This guide describes how to configure and run High Performance LinPACK on CUDA compatible GPUs. The HPL benchmark is run ONLY on the GPUs in this guide, however then are simple steps to take in order to distribute work between both CPUs and GPUs. A CPU (x86) only version of the HPL benchmark is performed by HPCC, presented in this guide: HPCC.
HPL Calculator http://hpl-calculator.sourceforge.net/
In order to obtain optimal results, a pre-compiled binary is used. This binary has been tested with Keplar architecture Nvidia GPUs only (K20, K40 and K80). Download the latest version of the CUDA toolkit for your Linux distribution from here the Nvida site [https://developer.nvidia.com/cuda-downloads].
Note that if HPL is to be run across multiple hosts, your have two options: (1) manually install the CUDA driver on each node, (2) install the driver to a nonstandard shared directory (eg. /opt).
sudo su chmod +x cuda_x_linux_64.run ./cuda_x_linux_64.run
Select to install the driver and CUDA toolkit when prompted, the SDK examples are not required. You may also specify the installation locations if required. After the installation is complete, source the necessary paths (replacing the path if you have changed it).

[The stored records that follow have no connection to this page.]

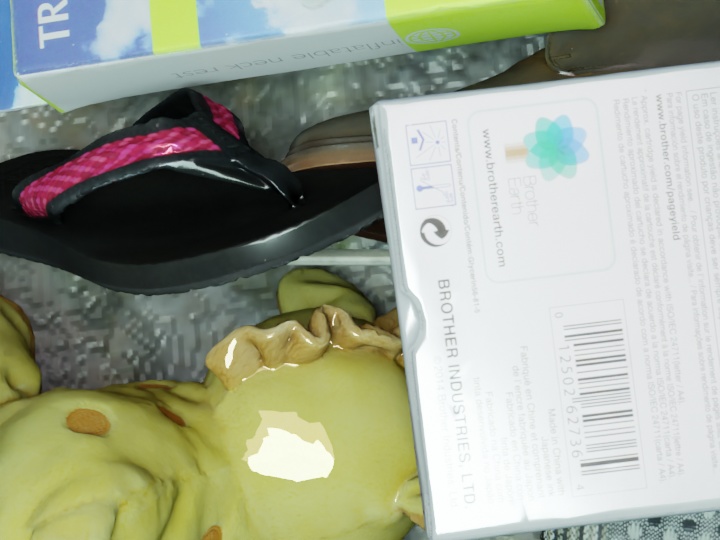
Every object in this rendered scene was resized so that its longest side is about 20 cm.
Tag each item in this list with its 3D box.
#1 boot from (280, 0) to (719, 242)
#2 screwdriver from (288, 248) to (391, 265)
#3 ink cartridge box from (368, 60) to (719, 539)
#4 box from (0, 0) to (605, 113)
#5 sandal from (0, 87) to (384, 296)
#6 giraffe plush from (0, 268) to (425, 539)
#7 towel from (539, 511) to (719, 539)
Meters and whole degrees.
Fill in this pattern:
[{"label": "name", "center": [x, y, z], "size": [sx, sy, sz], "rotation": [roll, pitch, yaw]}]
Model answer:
[{"label": "boot", "center": [0.071, -0.065, 0.779], "size": [0.200, 0.075, 0.097], "rotation": [-4, 66, -1]}, {"label": "screwdriver", "center": [0.000, 0.000, 0.727], "size": [0.200, 0.028, 0.029], "rotation": [-4, 71, 21]}, {"label": "ink cartridge box", "center": [0.109, 0.002, 0.662], "size": [0.200, 0.042, 0.120], "rotation": [-7, 88, 3]}, {"label": "box", "center": [-0.032, -0.122, 0.751], "size": [0.200, 0.048, 0.122], "rotation": [-8, 79, 13]}, {"label": "sandal", "center": [-0.072, -0.029, 0.744], "size": [0.200, 0.075, 0.045], "rotation": [7, 116, 46]}, {"label": "giraffe plush", "center": [-0.050, 0.063, 0.733], "size": [0.162, 0.200, 0.173], "rotation": [-12, 68, -24]}, {"label": "towel", "center": [0.155, 0.060, 0.714], "size": [0.200, 0.035, 0.193], "rotation": [11, 102, 11]}]
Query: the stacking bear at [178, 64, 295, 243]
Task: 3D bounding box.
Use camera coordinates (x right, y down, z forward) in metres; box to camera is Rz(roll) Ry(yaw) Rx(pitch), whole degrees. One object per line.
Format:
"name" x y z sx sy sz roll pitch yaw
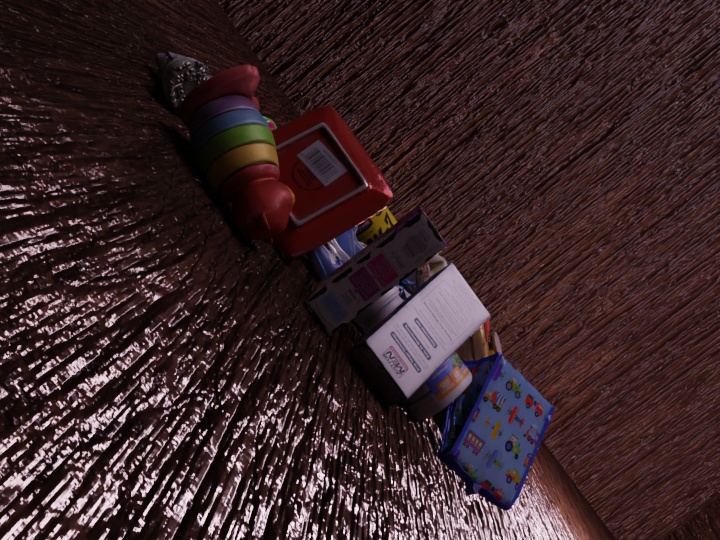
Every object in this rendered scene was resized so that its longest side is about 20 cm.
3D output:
"stacking bear" -0.147 -0.134 1.033 0.122 0.112 0.203 110 -43 -70

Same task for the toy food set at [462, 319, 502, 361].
"toy food set" 0.233 0.160 1.524 0.198 0.048 0.204 -52 127 -69

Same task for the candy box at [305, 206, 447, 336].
"candy box" 0.022 -0.004 1.128 0.061 0.199 0.136 51 6 -5

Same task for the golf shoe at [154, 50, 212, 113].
"golf shoe" -0.265 -0.276 1.169 0.097 0.079 0.200 36 2 -1

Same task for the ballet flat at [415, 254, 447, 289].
"ballet flat" 0.128 0.014 1.442 0.076 0.063 0.203 57 20 -46

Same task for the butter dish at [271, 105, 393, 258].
"butter dish" -0.077 -0.112 1.241 0.201 0.197 0.148 55 -16 19

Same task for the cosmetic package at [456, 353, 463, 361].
"cosmetic package" 0.164 0.209 1.501 0.200 0.073 0.103 42 27 -51

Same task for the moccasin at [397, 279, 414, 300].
"moccasin" 0.065 0.048 1.391 0.081 0.067 0.204 -50 130 -67

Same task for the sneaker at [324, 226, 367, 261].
"sneaker" 0.000 0.000 1.398 0.075 0.077 0.201 31 -21 48

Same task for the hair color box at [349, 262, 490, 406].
"hair color box" 0.087 0.089 1.161 0.101 0.199 0.060 52 -33 -1

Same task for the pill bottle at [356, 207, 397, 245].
"pill bottle" -0.006 -0.097 1.493 0.200 0.113 0.115 50 7 -46

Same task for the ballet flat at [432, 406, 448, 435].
"ballet flat" 0.160 0.259 1.331 0.203 0.071 0.072 63 8 6

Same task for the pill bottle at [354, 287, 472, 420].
"pill bottle" 0.072 0.116 1.245 0.201 0.111 0.112 53 7 0

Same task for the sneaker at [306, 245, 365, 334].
"sneaker" -0.008 0.014 1.315 0.200 0.088 0.076 49 9 -24

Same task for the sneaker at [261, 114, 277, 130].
"sneaker" -0.194 -0.256 1.527 0.083 0.077 0.200 36 1 9

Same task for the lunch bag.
"lunch bag" 0.204 0.259 1.262 0.150 0.093 0.202 43 51 -21

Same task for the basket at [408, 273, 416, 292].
"basket" 0.097 0.075 1.573 0.201 0.123 0.136 53 7 -11
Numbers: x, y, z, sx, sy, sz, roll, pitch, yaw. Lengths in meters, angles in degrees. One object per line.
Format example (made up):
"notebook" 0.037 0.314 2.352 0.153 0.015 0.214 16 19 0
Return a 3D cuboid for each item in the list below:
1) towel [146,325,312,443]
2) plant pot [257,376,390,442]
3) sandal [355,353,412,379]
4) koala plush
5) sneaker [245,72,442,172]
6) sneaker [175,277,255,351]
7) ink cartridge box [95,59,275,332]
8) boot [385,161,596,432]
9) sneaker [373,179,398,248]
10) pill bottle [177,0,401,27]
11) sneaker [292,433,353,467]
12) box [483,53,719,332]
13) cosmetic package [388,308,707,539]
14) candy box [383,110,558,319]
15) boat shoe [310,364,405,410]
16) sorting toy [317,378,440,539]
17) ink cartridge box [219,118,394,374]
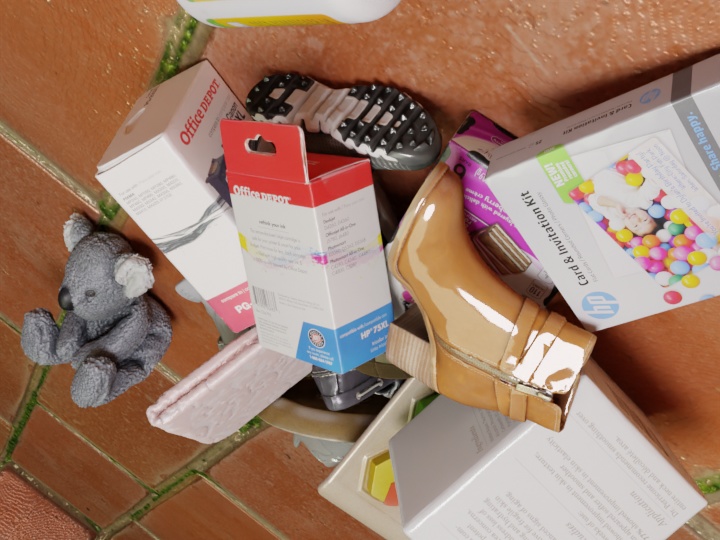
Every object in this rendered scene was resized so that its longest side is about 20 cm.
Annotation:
"towel" -0.108 0.102 1.065 0.032 0.191 0.200 51 177 17
"plant pot" -0.019 0.151 1.199 0.199 0.199 0.028 11 100 37
"sandal" 0.065 0.059 0.991 0.199 0.054 0.081 0 143 -24
"koala plush" -0.331 0.033 1.376 0.177 0.183 0.201 31 131 34
"sneaker" -0.005 -0.108 0.891 0.199 0.067 0.091 19 151 38
"sneaker" -0.135 0.045 1.146 0.115 0.075 0.200 35 144 12
"ink cartridge box" -0.130 -0.069 0.978 0.084 0.145 0.200 -25 119 25
"boot" 0.101 0.023 0.788 0.154 0.074 0.201 23 135 23
"sneaker" 0.000 0.000 0.992 0.099 0.071 0.201 -18 137 4
"pill bottle" -0.031 -0.220 0.707 0.199 0.111 0.111 9 141 39
"sneaker" -0.012 0.200 1.288 0.199 0.075 0.093 15 104 49
"box" 0.207 -0.048 0.713 0.199 0.041 0.156 -19 121 35
"cosmetic package" 0.154 0.176 0.934 0.167 0.200 0.166 45 -170 -16
"candy box" 0.093 -0.009 0.867 0.136 0.061 0.200 34 131 4
"boat shoe" 0.011 0.102 1.068 0.072 0.200 0.063 -12 84 25
"sorting toy" 0.084 0.200 1.073 0.185 0.200 0.037 38 -172 -22
"ink cartridge box" -0.043 -0.029 0.863 0.116 0.067 0.201 13 119 47
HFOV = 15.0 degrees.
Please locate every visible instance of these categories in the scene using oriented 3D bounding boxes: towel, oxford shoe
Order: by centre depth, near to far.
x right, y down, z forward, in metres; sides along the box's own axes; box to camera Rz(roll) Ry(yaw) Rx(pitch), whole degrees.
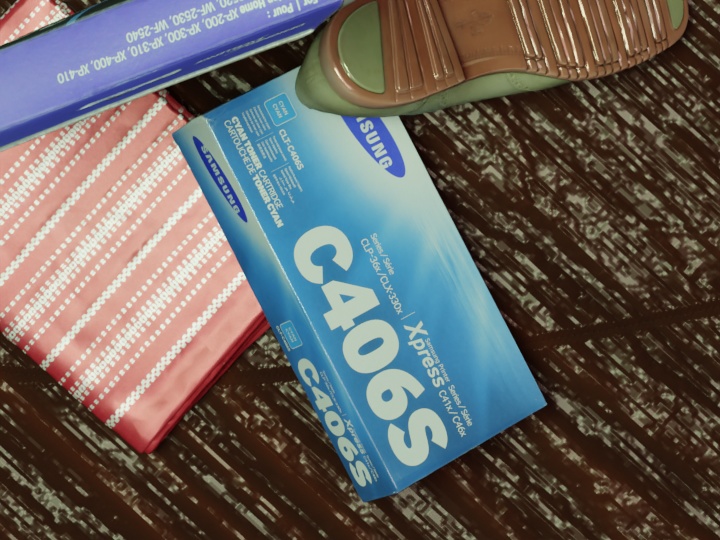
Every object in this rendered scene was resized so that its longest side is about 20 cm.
[{"bbox_3d":[0.060,-0.114,1.296,0.200,0.074,0.071,-9,83,-25],"label":"oxford shoe"},{"bbox_3d":[-0.130,-0.024,1.345,0.200,0.022,0.145,42,94,0],"label":"towel"}]

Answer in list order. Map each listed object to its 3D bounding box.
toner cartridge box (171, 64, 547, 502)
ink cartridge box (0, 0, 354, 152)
[{"bbox_3d":[0.000,0.000,1.309,0.095,0.043,0.200,-29,92,-28],"label":"toner cartridge box"},{"bbox_3d":[-0.082,-0.107,1.203,0.198,0.200,0.043,-19,100,21],"label":"ink cartridge box"}]
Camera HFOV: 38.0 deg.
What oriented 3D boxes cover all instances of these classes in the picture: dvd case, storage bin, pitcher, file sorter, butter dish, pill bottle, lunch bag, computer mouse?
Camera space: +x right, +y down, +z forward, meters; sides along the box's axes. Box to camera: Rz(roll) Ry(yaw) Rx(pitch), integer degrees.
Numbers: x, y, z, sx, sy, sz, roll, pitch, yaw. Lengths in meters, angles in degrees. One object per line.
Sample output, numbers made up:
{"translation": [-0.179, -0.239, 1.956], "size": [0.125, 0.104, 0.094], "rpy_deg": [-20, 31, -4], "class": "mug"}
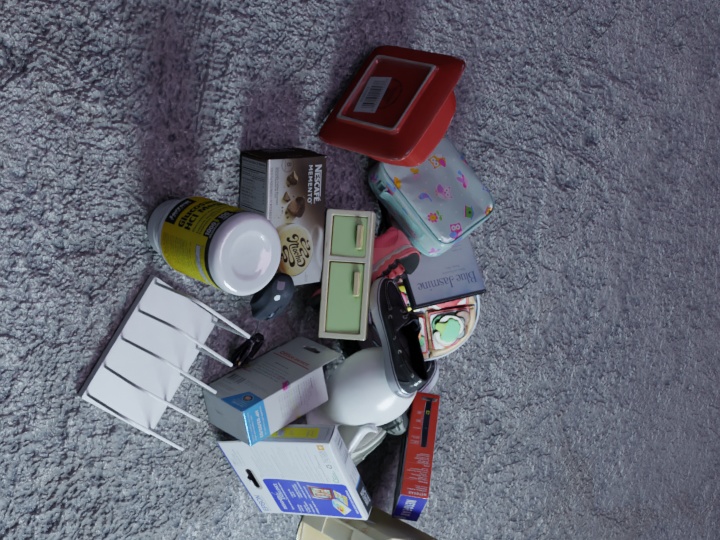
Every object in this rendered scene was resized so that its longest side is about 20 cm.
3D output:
{"translation": [0.122, -0.042, 1.781], "size": [0.142, 0.018, 0.202], "rpy_deg": [-12, 77, -23], "class": "dvd case"}
{"translation": [0.022, 0.479, 1.818], "size": [0.198, 0.199, 0.094], "rpy_deg": [21, 87, -44], "class": "storage bin"}
{"translation": [-0.004, 0.222, 1.681], "size": [0.121, 0.199, 0.173], "rpy_deg": [20, 53, -42], "class": "pitcher"}
{"translation": [-0.275, 0.137, 1.500], "size": [0.139, 0.124, 0.201], "rpy_deg": [39, 76, -41], "class": "file sorter"}
{"translation": [0.070, -0.238, 1.661], "size": [0.201, 0.199, 0.148], "rpy_deg": [-58, 139, -13], "class": "butter dish"}
{"translation": [-0.210, -0.041, 1.453], "size": [0.112, 0.199, 0.113], "rpy_deg": [-14, 112, -39], "class": "pill bottle"}
{"translation": [0.113, -0.133, 1.756], "size": [0.160, 0.077, 0.200], "rpy_deg": [-38, 88, -25], "class": "lunch bag"}
{"translation": [-0.150, 0.083, 1.598], "size": [0.058, 0.034, 0.201], "rpy_deg": [-9, 138, -39], "class": "computer mouse"}

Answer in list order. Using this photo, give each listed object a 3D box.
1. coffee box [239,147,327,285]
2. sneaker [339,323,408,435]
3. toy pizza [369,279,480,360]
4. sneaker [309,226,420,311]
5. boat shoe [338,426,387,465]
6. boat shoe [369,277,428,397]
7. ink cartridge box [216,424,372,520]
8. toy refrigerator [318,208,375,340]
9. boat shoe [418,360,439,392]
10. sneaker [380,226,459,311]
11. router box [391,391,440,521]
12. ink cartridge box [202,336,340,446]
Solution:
{"translation": [-0.121, -0.082, 1.605], "size": [0.112, 0.080, 0.202], "rpy_deg": [-8, 108, -38], "class": "coffee box"}
{"translation": [0.041, 0.180, 1.782], "size": [0.079, 0.075, 0.201], "rpy_deg": [-16, 78, -43], "class": "sneaker"}
{"translation": [0.112, 0.073, 1.822], "size": [0.198, 0.032, 0.202], "rpy_deg": [-2, 114, -4], "class": "toy pizza"}
{"translation": [0.000, 0.000, 1.737], "size": [0.199, 0.087, 0.074], "rpy_deg": [-30, 147, 4], "class": "sneaker"}
{"translation": [-0.038, 0.316, 1.788], "size": [0.201, 0.072, 0.061], "rpy_deg": [-31, 137, -12], "class": "boat shoe"}
{"translation": [0.065, 0.094, 1.621], "size": [0.070, 0.066, 0.201], "rpy_deg": [23, 49, -41], "class": "boat shoe"}
{"translation": [-0.102, 0.320, 1.667], "size": [0.047, 0.198, 0.198], "rpy_deg": [-66, 146, -41], "class": "ink cartridge box"}
{"translation": [-0.021, 0.006, 1.651], "size": [0.070, 0.075, 0.202], "rpy_deg": [16, 78, -85], "class": "toy refrigerator"}
{"translation": [0.060, 0.200, 1.859], "size": [0.198, 0.074, 0.068], "rpy_deg": [-28, 135, -23], "class": "boat shoe"}
{"translation": [0.103, -0.010, 1.844], "size": [0.075, 0.081, 0.200], "rpy_deg": [-37, 113, 14], "class": "sneaker"}
{"translation": [0.096, 0.327, 1.827], "size": [0.200, 0.048, 0.181], "rpy_deg": [97, 2, -65], "class": "router box"}
{"translation": [-0.133, 0.186, 1.648], "size": [0.199, 0.115, 0.068], "rpy_deg": [-27, 120, -33], "class": "ink cartridge box"}
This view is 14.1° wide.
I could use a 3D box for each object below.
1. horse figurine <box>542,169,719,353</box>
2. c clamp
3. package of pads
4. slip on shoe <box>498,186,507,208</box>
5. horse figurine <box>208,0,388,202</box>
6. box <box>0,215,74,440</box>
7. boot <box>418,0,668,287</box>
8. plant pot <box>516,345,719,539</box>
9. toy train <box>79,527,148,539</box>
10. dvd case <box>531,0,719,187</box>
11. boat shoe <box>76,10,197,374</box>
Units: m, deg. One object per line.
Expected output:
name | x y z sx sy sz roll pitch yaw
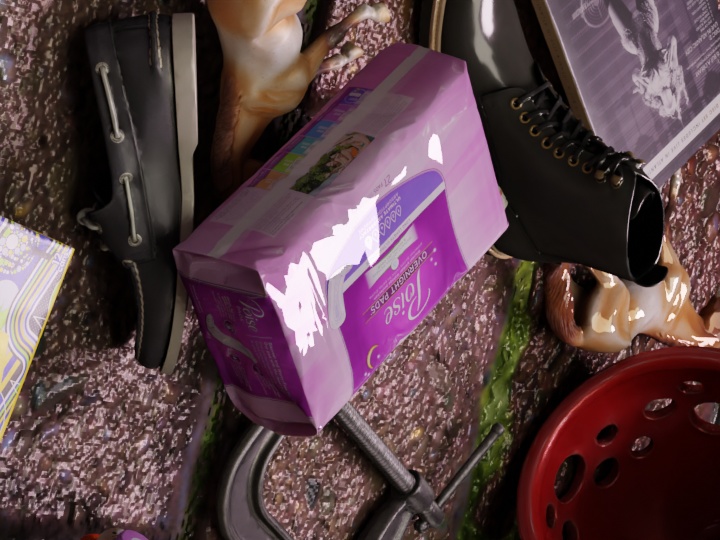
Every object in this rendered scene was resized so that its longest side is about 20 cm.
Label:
horse figurine | 0.170 0.004 1.865 0.199 0.050 0.134 -16 109 -47
c clamp | -0.008 0.121 1.725 0.171 0.027 0.200 -58 140 -10
package of pads | -0.005 -0.017 1.559 0.200 0.075 0.121 -46 133 -34
slip on shoe | 0.000 0.000 1.669 0.200 0.074 0.061 -43 97 -23
horse figurine | -0.038 -0.138 1.551 0.132 0.050 0.201 -36 147 -31
box | -0.218 0.066 1.437 0.070 0.064 0.201 26 84 -49
boot | 0.115 -0.091 1.702 0.077 0.138 0.201 -38 127 -33
plant pot | 0.221 0.175 1.870 0.201 0.200 0.183 -59 143 -16
toy train | -0.159 0.197 1.562 0.150 0.056 0.200 -40 146 2
dvd case | 0.170 -0.155 1.808 0.149 0.016 0.201 -42 121 -36
boat shoe | -0.118 -0.041 1.535 0.062 0.073 0.201 1 113 -4
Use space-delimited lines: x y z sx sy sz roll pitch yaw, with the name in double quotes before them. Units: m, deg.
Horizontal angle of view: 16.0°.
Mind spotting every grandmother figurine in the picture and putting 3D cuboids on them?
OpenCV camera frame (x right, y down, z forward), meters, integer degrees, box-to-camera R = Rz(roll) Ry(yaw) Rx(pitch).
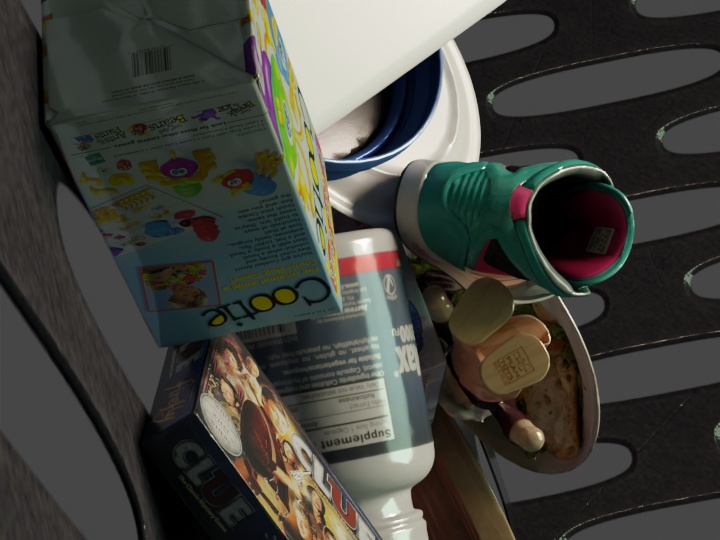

export PATH=$PATH:/usr/local/cuda/bin export LD_LIBRARY_PATH=$LD_LIBRARY_PATH:/usr/local/cuda/lib64:/lib export C_INCLUDE_PATH=/usr/local/cuda/include
The HPL binary has a hard dependency on CUDA 5.5, however newer versions are compatible (tested up to CUDA 7.0). Therefore creating a symbolic link resolves the issue (correct paths and x.x version):
ln -s /usr/local/cuda/lib64/libcublas.so.x.x /usr/local/cuda/lib64/libcublas.so.5.5 ln -s /usr/local/cuda/lib64/libcudart.so.x.x /usr/local/cuda/lib64/libcudart.so.5.5
Return to your user account.
Ensure that you have an Intel compiler and MKL sourced:
source /opt/intel/bin/compilervars.sh intel64 source /opt/intel/mkl/bin/mklvars.sh intel64
As well as an up-to-date GCC and OpenMPI (compiled with ICS):
export PATH=/opt/gcc-4.9.2/bin/:$PATH export LD_LIBRARY_PATH=/opt/gcc-4.9.2/lib64:$LD_LIBRARY_PATH export LD_LIBRARY_PATH=/opt/mpc-1.0.2/lib/:/opt/mpfr-3.1.2/lib/:/opt/gmp-6.0.0/lib/:$LD_LIBRARY_PATH
export PATH=/opt/openmpi-1.8.4-intel/bin:$PATH export LD_LIBRARY_PATH=/opt/openmpi-1.8.4-intel/lib:$LD_LIBRARY_PATH
Download the source here:
tar -xf Cuda-hpl.tar.gz cd CUDAHPL
Confirm that the CUDA HPL binary, xhpl, has all its dependencies sourced:
Edit the HPL.dat file to a suitable N (problem size value) - which should to chosen to fit into the GPU's VRAM (though increasing this value further can increase performance). Use the calculator linked above. The P and Q values should be chosen such that their product equals the number of MPI ranks (processing cores) desired, where a single GPU is considered 1 core. Q should be assigned the larger value if the values for P and Q are not equal, however attempt to keep them as close as possible (ie. P=3,Q=4 rather than P=2,Q=6). For x86 only runs, the NB value is typically chosen to be in the range of 192-256, however for GPU runs, a higher value of 892-1024 is ideal.
A number of scripts are included in the tarball, corresponding to the number of GPUs per host. Before running the benchmark, edit the 'CPU_CORES_PER_GPU' variable in the script. This value should be chosen such that the total number of assigned cores for all GPUs does not exceed the number of CPU cores available on the host. (ie. if the host has 16 cores and there are 2 GPUs, the CPU_CORES_PER_GPU should not be greater than 8). In practice, this value should be 5 or greater to avoid bottle-necking the GPUs.
Before running HPL, insure that the GPUs are in persistence mode and ECC is disabled.
sudo nvidia-smi --persistence-mode=1 sudo nvidia-smi --ecc-config=0
The benchmark can then be run using this script:
mpirun -np <N> -hostfile <HF> ./run_linpack_1_gpu_per_node
In order to change the workload split between the GPUs and CPUs, the variable 'GPU_DGEMM_SPLIT' can be changed. By default it is set to 1.0 (100% GPU offload).